Creating a column doesn't mean that it permanently exists in the table. From the below query, we can see that our new column `mid` doesn't remain in our `daily` table. 

In [None]:
daily 
meta daily

If we did want to persist this change, we can use direct reassignment: 

In [None]:
daily2:select date, sym, high, low, mid: 0.5*high+low from daily
daily2

##### Exercise

Extract the `sym`, `close` and `size` columns from our `daily` table. 

In [None]:
select sym, close, size from daily

In [None]:
//your answer here 

##### Exercise 
Extract the same columns, but this time add a new boolean column called `Asym` which is true when the sym starts with an `"A"` and false otherwise.

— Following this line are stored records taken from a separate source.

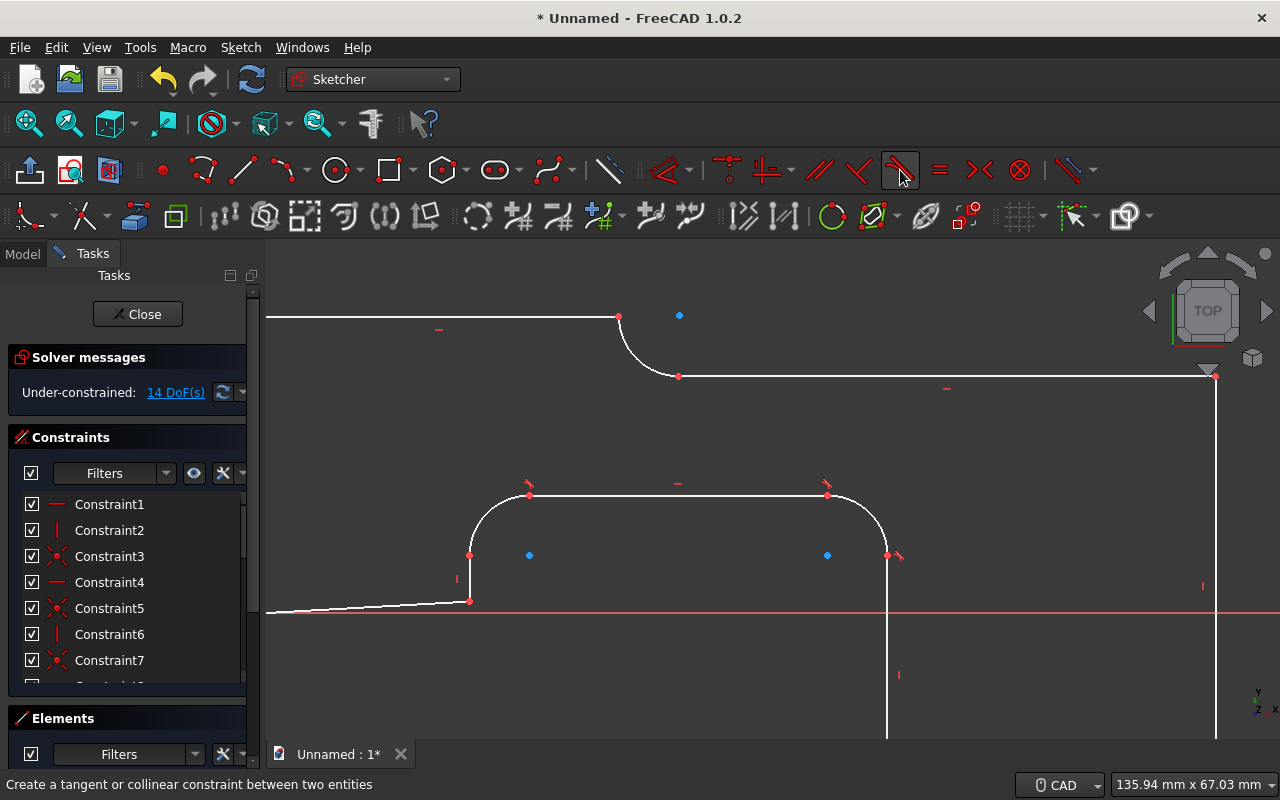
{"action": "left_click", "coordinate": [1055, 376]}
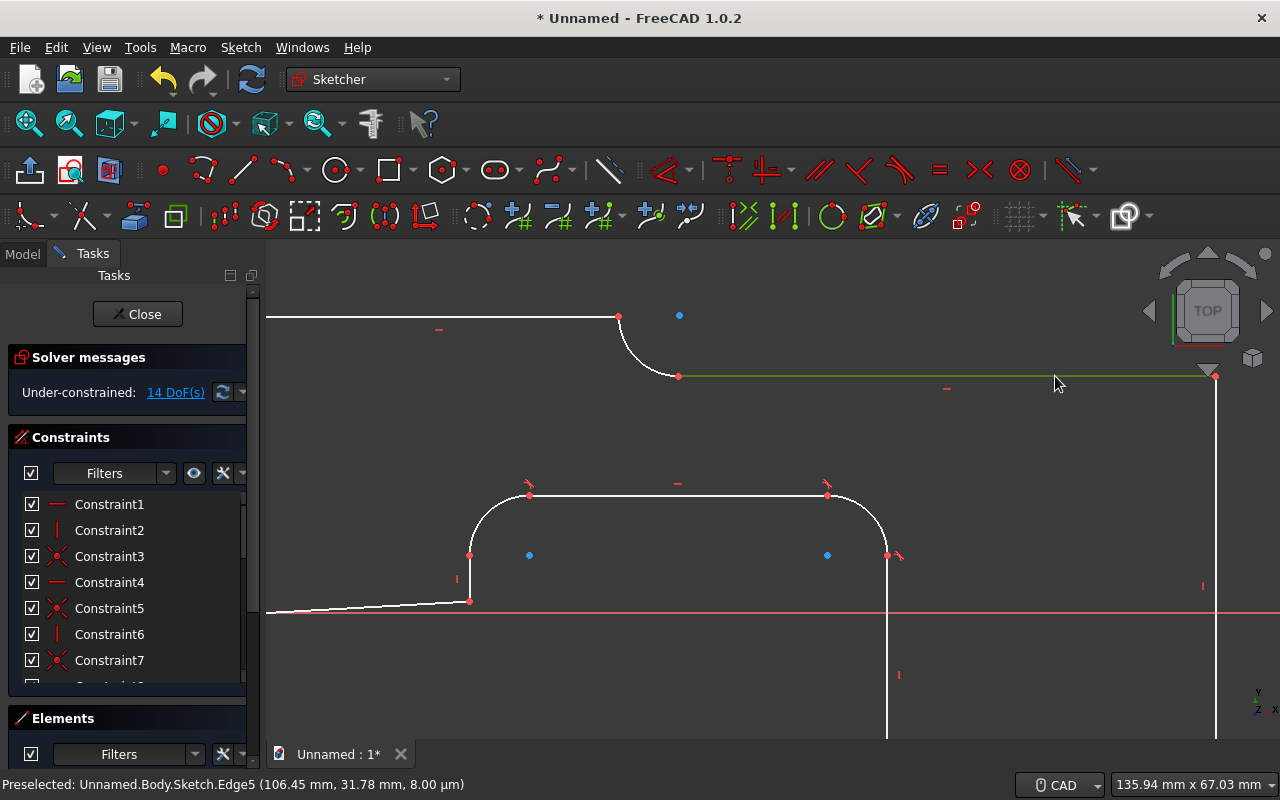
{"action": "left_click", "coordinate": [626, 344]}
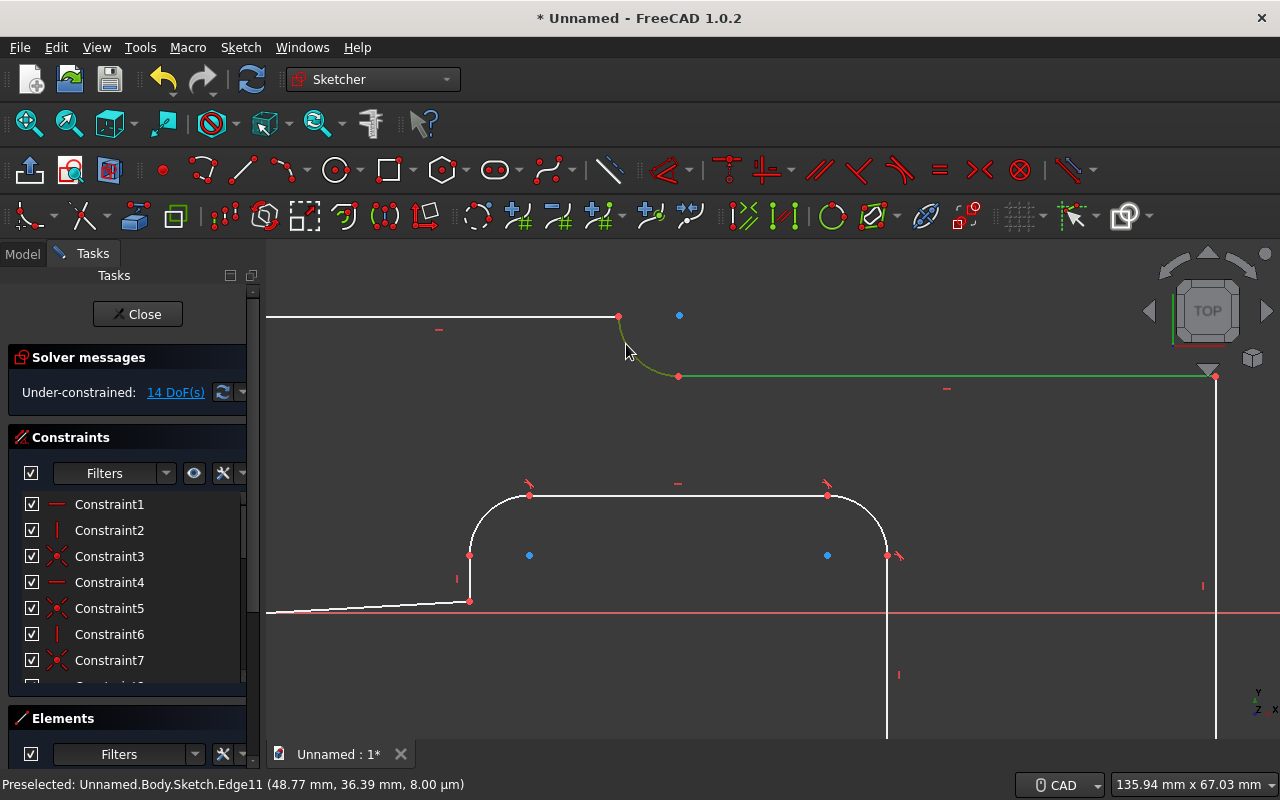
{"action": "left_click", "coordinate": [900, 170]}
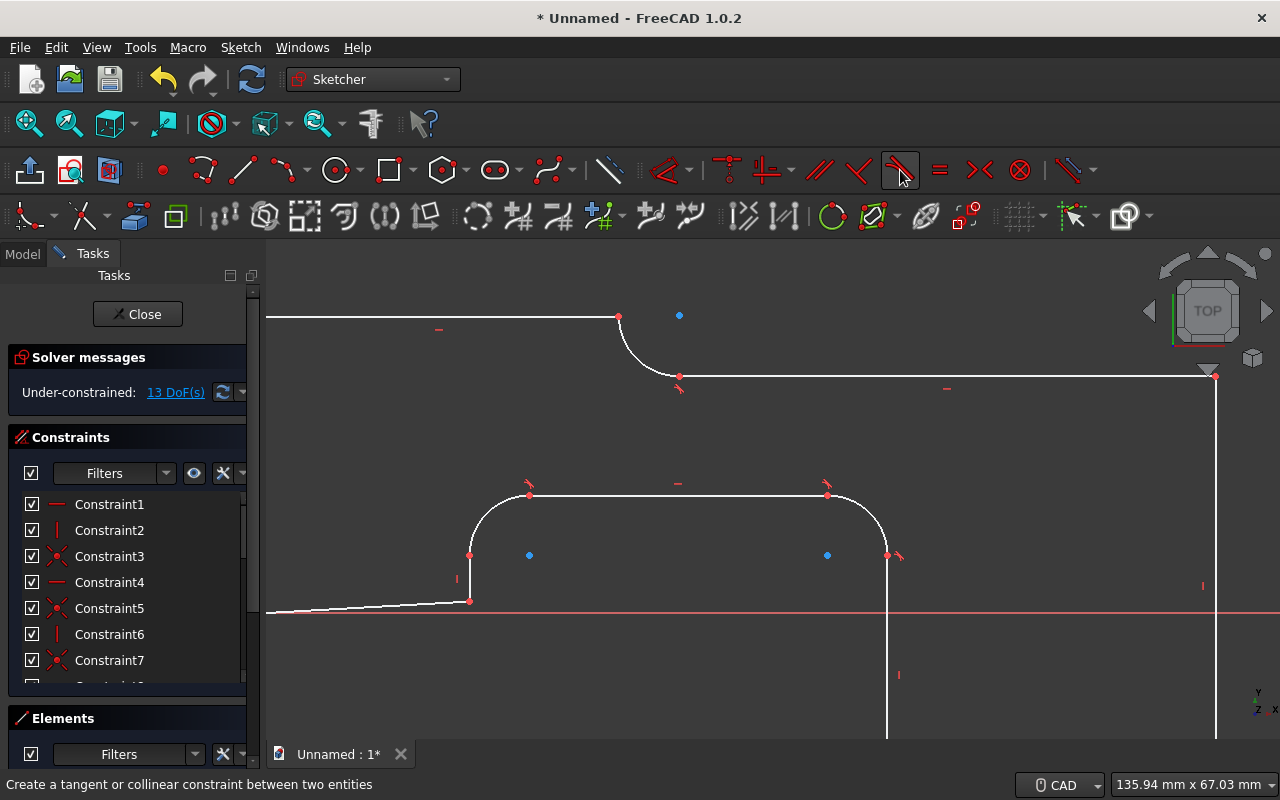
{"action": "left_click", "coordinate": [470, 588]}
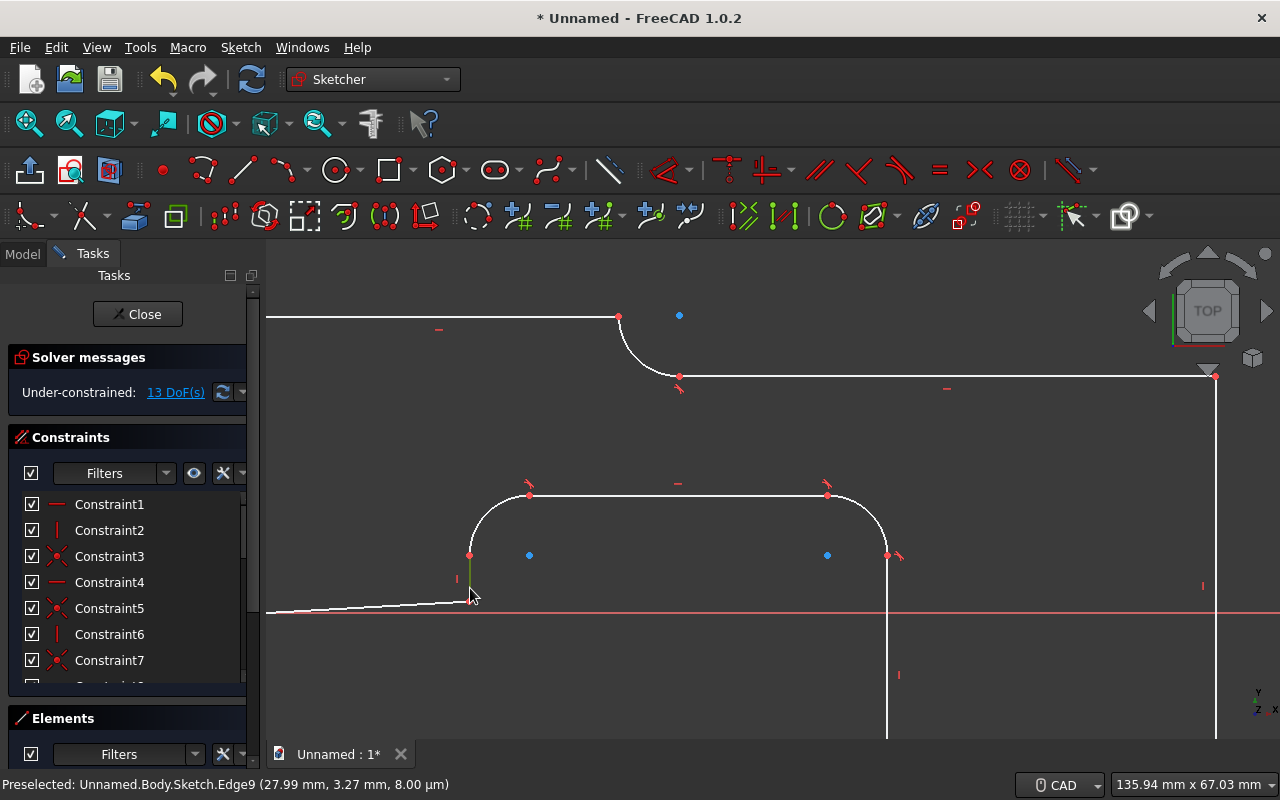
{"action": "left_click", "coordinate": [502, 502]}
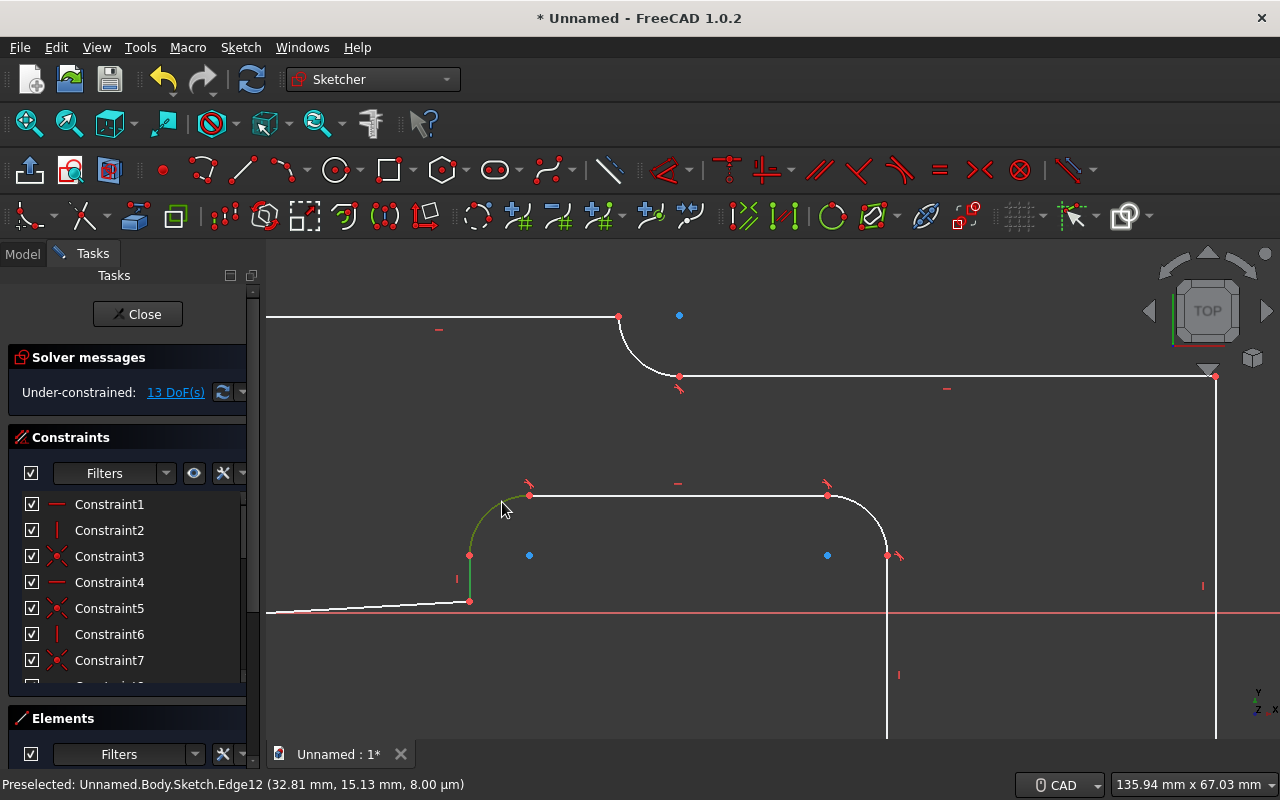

Assign this output to a new table `aDaily`.

In [None]:
aDaily:select sym, close, size, Asym:sym like "A*" from daily //we can evaluate any q expressions we like here!
aDaily

In [None]:
//your answer here 

### Querying with aggregations 
The columns of a table are lists, and we can perform aggregations and other functions or analytics using them like we can any list. 

In [None]:
select sum size,sum price from trade

##### Exercise 

Return the maximum price and average trade size from the trade table 

In [None]:
select max price, avg size from trade

In [None]:
//your answer here 

## Queries with constraints - the `where` clause

The `where` clause in qSQL allows us to specify conditions and filter our data accordingly. 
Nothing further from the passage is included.